Consider some Hilbert-type formal system of predicate calculus. I will use the one from Kleene's "Introduction to Metamathematics" 1971. While developing predicate calculus in this style we list set of axioms (or axiom schemata depending on your choice) and set of inference rules. Then concepts of proof and theorem are defined.
But after thinking about it and being honest with myself, I have to admit that I have no idea for why specific axioms and inference rules are chosen (or any equivalent ones). I would like to hear your ideas about it and I will give you all my hypotheses for explanations and why I am unsatisfied with them.
For example, consider axiom schema where $A,B,C$ are metamathematical variables standing for formulas.
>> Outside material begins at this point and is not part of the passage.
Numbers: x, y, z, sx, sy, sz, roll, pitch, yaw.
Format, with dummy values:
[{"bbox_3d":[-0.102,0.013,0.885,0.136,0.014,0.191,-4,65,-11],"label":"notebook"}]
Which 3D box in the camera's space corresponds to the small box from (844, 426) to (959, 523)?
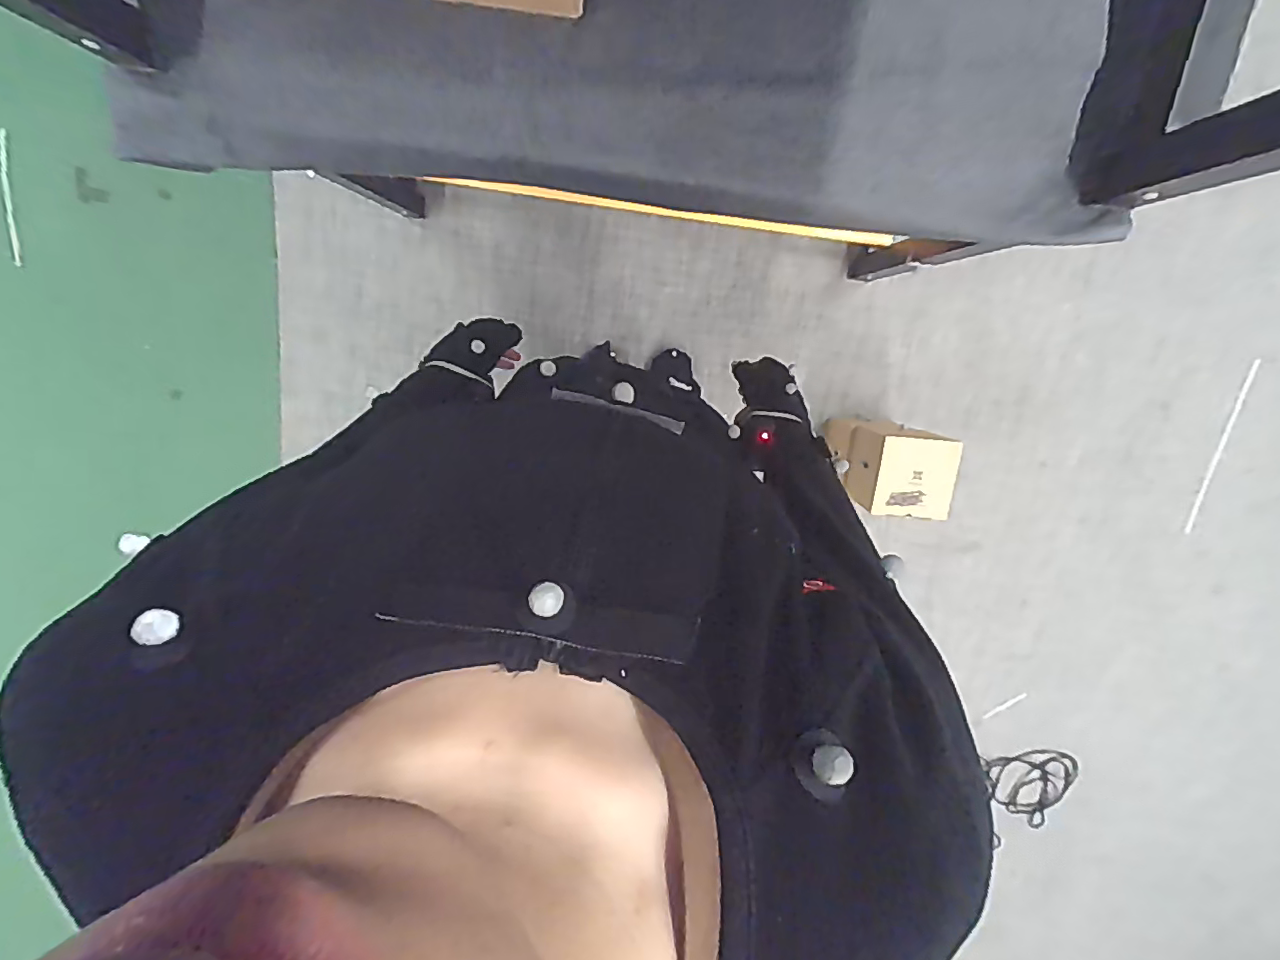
[{"bbox_3d":[0.580,-0.017,1.226,0.168,0.176,0.179,5,104,0],"label":"small box"}]

$$ 1. (A \Rightarrow B) \Rightarrow ((A \Rightarrow (B \Rightarrow C)) \Rightarrow (A \Rightarrow C)) $$
Also consider the following inference rules where $C$ denotes a formula not containing variable $x$ and $A$ denotes any formula:
$$2. \textrm{If } C \Rightarrow A(x) \textrm{ then } C \Rightarrow \forall x(A(x)) $$
$$3. \textrm{If } A(x) \Rightarrow C \textrm{ then } \exists xA(x) \Rightarrow C $$
Hypothesis 1: We take these and other axioms / axiom schemata / inference rules just because they work. For example, consistency can be shown. Also, because most of the "informal" theorems in mathematics can be reconstructed formally using this kind of predicate calculus. But then how one would come up with them? It seems pretty impossible to choose some of the equivalent sets of axioms/ inference rules just by wanting them to be consistent and for them to be able to formalize most of the "informal" mathematics. I think there should be some kind of intuition or interpretation behind this.
Hypothesis 2: Our choice is based also on the fact that under the interpretation it makes sense. But I have a hard time understanding that. For example, if one considers axiom schemata 1 then interpretation would be "If if $A$ then $B$ then if if $A$ then if $B$ then $C$ then if $A$ then $C$" which for me is extremely confusing and therefore not as readily accessible for intuition. For inference rules 2 and 3 I have no convincing interpretation and I would really appreciate if you could give your interpretation that convinces you for my given inference rules.
Hypothesis 3: Probably one could argue by model-theoretic arguments which formulas we should choose as axiom schemata but I am not that convinced here because for model theory of predicate calculus using finitary means we can only analyze cases when domain of variables of predicate calculus is finite, but usually, in practice, we use theories with an infinite domain. Maybe one can argue that if it holds for finite domain then it is reasonable to assume that it holds for infinite domain, but I am not sure. And then also one could ask why we choose truth tables in the way we do. Also, considering that some types of logic do not have truth tables, but still have axioms/ axiom schemata/ inference rules, I feel that this intuition might not be general enough.
Hypothesis 4: Probably one could also argue that we want certain deductive rules to hold like deduction theorem. But I always felt that philosophically they are not necessary and are just useful tools, but in principle, everything could be developed without these deductive rules. So one cannot argue using them because they are not fundamental to the theory in the first place.
Hypothesis 5: It might be that there is an equivalent predicate calculus with axioms and inference rules that are simpler and more intuitive. If that is the case, can someone give some references for what it is and why is it simpler and more intuitive?
I would appreciate your help and advice, and your own philosophical / intuitive thoughts about this. Especially for me it is interesting, how do you think about these things and how do you convince yourself that what you are doing is reasonable.